Mr. Mitchell poses a false choice between "permanent" supply-side tax cuts and temporary Keynesian tax cuts. In addition, further tax cuts are not commensurate with current government spending. Mr. Mitchell advocates, in effect, returning to the twin deficit era of Reagan and Bush, crowding out private investment and raising long-term rates again. Read my lips: all tax cuts passed in this effort will be temporary, as federal spending obligations (especially to the military and the elderly) will once again require a bitter decade of budget-balancing.


Comment in story about American Taliban fighter needs clarification

I am quoted in your Dec. 5 article on treason charges that might be brought against John Phillip Walker Lindh, an American captured with the Taliban forces in Afghanistan ("U.S. mulling treason charges"). The article did an excellent job in describing the constitutional and legal issues related to any treason trial. However, I want to clarify one of my statements, which may have left a misimpression. The article quotes me as saying, "I don't think [two witnesses] are going to be necessary" in a trial. As I have stated previously to the media, two witnesses are required by Article III, Section 3, of the Constitution.

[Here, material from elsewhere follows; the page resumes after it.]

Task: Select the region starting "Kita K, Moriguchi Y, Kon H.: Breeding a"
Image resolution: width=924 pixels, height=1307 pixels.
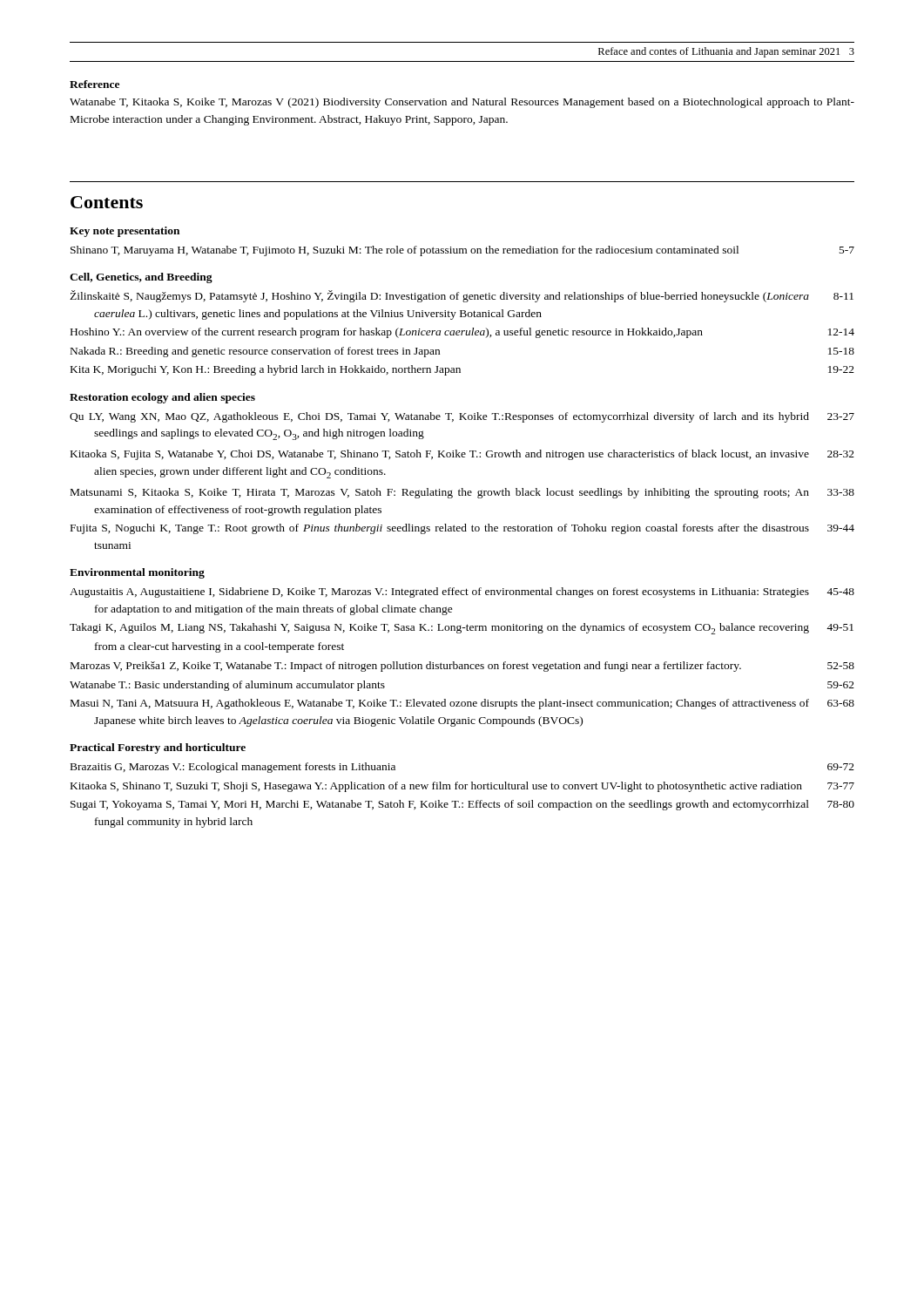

However, as I stated in the interview, the two-witness requirement is only unnecessary when a defendant confesses in open court. Such a confession would be a real possibility as part of a plea bargain for a lesser sentence than death.
As an academic, I felt the ambiguity left by the statement should be clarified for your readers.

Shapiro professor of pubic interest law
George Washington University Law School

PETA writes, Times rolls over

A free press is a wonderful thing. Also wondrous is our individual freedom of speech to comment on activities in our society. However, your steady and continuous publication of letters to the editor from People for the Ethical Treatment of Animals (PETA) is worthy of note.
You most recently published a PETA diatribe that argued that zoos and circuses should be eliminated ("Elephants unhappy behind bars," Dec. 6). Previously, PETA used your Letters section to interpret the pope's instructions to Roman Catholics regarding keeping goldfish as pets ("Blasting animals, collecting goldfish trinkets show lack of respect for life," Nov. 20). PETA's agenda and your role in that agenda should give all U.S. citizens pause for reflection.
In a free society such as ours, an individual has the right to boycott circuses and zoos. Each of us is free to avoid fur and leather products and to abstain from fish or meat in our diets. In dictatorships or socialist regimes, government decides what each of us can or cannot do.
PETA and its sister organizations intend to use government fiats to eliminate fishing, hunting, animal husbandry, pets, farms, suburbs, rural lifestyles and a long list of other American traditions and freedoms. Your role in this campaign is curious, given your editorial page's espousal of traditional constitutional principles, and it is repugnant to those millions targeted by the animal rights campaign, which endeavors to give legal rights to animals and, ultimately, to treat U.S. citizens as pets of the state.